:: LISTED ENTRIES

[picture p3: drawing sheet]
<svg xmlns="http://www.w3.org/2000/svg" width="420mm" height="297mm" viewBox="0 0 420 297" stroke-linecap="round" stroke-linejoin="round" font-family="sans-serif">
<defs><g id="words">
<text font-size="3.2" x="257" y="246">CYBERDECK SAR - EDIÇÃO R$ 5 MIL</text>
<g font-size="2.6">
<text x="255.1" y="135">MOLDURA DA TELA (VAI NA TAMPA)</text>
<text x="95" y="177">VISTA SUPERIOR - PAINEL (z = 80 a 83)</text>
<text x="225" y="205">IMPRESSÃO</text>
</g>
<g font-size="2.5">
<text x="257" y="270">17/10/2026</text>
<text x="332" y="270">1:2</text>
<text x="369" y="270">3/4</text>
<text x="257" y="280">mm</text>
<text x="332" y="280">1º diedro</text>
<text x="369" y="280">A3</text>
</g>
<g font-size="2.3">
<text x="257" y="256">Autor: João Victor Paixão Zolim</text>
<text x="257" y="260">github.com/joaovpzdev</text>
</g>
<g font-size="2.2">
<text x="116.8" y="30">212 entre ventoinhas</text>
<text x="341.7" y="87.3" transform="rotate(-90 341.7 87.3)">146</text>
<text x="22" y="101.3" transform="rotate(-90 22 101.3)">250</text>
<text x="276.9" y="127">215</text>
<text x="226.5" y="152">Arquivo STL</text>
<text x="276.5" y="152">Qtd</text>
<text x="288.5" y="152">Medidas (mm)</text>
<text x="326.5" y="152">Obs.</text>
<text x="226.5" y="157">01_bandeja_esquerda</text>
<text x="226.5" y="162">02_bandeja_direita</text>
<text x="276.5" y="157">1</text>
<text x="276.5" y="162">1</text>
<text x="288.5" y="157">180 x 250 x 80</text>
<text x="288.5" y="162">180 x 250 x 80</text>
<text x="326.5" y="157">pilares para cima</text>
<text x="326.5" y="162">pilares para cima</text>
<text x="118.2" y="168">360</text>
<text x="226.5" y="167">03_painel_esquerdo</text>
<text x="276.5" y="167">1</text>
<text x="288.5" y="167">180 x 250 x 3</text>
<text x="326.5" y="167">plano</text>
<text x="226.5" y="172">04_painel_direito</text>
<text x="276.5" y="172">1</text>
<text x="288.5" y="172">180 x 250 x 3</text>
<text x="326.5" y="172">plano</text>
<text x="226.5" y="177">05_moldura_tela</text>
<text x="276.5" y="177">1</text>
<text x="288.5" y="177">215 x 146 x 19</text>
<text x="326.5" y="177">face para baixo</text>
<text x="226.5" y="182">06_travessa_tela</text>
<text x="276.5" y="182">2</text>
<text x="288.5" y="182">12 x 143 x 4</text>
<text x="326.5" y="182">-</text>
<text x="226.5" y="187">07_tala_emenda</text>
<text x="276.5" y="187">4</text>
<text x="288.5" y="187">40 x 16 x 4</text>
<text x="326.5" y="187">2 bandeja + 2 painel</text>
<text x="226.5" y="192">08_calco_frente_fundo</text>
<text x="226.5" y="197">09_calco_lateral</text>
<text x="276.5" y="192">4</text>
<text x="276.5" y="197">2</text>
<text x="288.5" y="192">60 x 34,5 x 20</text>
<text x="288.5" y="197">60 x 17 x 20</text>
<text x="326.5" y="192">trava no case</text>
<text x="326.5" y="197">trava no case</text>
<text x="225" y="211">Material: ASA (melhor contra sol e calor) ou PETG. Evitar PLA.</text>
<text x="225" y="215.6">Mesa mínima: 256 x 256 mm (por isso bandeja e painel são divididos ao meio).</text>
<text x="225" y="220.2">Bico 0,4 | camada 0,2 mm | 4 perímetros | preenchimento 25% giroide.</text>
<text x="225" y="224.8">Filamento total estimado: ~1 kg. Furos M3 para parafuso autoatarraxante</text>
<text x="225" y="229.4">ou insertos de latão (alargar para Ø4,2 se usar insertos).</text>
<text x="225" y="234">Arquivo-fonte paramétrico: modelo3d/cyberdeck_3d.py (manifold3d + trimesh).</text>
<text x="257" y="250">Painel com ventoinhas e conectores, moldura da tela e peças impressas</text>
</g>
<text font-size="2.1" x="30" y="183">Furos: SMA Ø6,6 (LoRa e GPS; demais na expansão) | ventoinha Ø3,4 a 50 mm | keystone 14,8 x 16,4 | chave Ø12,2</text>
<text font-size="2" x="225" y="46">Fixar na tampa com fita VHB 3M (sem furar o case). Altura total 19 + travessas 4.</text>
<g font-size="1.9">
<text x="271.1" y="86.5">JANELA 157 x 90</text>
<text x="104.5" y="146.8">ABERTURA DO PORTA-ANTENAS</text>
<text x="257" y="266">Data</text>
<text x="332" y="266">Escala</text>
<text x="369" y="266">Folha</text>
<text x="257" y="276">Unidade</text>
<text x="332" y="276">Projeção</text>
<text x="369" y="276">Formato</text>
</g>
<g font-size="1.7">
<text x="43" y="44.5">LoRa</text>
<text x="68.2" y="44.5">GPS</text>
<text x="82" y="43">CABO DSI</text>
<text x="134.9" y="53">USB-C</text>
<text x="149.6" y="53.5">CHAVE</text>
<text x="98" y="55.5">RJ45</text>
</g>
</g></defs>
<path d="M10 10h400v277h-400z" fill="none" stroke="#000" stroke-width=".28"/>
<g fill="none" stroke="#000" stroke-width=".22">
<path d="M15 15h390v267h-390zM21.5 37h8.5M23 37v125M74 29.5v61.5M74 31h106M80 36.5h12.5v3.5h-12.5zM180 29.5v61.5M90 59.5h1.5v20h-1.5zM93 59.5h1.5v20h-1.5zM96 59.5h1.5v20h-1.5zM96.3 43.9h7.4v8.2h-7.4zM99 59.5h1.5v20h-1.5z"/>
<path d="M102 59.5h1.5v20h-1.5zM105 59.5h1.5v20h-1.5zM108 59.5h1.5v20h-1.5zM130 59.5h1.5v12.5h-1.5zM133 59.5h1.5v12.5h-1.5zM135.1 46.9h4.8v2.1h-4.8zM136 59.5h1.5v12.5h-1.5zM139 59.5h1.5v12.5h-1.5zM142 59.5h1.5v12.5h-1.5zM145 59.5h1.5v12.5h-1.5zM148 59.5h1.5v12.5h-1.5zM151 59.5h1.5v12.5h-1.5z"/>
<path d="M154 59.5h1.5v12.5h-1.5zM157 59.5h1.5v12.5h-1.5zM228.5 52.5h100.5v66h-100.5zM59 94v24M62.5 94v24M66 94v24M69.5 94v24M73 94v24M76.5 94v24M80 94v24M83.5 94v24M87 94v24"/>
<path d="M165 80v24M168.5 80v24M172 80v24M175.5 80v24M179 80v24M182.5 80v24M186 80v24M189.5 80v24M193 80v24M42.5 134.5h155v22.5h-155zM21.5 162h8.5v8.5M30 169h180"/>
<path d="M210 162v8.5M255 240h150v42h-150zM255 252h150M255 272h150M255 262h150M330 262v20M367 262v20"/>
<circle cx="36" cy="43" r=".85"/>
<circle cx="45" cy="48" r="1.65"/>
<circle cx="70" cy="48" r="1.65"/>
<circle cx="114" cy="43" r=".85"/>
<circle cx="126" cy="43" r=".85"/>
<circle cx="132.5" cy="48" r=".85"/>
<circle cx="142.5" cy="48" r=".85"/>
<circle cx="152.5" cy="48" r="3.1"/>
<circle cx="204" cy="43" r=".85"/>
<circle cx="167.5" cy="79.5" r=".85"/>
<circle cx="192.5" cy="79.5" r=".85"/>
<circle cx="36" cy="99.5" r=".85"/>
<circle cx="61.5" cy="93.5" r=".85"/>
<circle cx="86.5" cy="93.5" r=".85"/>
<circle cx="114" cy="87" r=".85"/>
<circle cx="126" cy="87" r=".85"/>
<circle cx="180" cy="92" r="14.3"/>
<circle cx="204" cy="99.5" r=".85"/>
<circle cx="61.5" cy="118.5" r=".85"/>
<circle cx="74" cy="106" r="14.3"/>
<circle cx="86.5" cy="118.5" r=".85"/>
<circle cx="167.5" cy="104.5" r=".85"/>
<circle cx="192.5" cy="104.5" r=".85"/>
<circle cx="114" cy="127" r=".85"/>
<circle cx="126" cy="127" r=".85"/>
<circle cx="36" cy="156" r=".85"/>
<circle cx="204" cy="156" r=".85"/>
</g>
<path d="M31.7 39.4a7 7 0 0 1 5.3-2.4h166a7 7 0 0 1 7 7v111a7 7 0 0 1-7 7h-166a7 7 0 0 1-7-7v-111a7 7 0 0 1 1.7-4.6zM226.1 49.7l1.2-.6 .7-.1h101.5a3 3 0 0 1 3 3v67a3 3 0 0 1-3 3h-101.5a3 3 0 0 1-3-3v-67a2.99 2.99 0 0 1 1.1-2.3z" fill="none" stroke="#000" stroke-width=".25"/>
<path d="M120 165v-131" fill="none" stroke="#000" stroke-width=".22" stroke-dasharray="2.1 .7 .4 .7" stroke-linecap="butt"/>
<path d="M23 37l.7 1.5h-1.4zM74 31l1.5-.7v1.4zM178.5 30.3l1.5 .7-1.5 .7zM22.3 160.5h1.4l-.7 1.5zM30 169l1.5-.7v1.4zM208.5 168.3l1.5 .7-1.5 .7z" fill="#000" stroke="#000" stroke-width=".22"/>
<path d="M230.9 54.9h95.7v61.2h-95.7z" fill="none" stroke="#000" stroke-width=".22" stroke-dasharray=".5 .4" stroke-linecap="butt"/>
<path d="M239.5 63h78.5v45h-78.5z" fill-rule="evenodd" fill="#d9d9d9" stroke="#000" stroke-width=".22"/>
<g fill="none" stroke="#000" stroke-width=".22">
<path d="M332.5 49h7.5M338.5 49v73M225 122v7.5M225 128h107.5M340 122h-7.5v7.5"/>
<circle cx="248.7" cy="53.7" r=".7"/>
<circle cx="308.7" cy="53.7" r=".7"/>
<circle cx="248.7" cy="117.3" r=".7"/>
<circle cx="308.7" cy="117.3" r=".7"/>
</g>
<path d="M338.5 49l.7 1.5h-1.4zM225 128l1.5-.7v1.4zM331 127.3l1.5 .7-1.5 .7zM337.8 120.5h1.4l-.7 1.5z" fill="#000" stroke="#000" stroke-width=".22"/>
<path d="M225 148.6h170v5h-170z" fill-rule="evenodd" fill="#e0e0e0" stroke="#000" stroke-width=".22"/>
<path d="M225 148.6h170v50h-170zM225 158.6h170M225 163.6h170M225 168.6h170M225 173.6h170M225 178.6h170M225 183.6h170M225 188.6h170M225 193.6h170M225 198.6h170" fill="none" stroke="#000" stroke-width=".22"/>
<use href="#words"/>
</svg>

::::

Reply with one number, the count of lines in the records that include the word "transform".

## TASK SOLUTION
2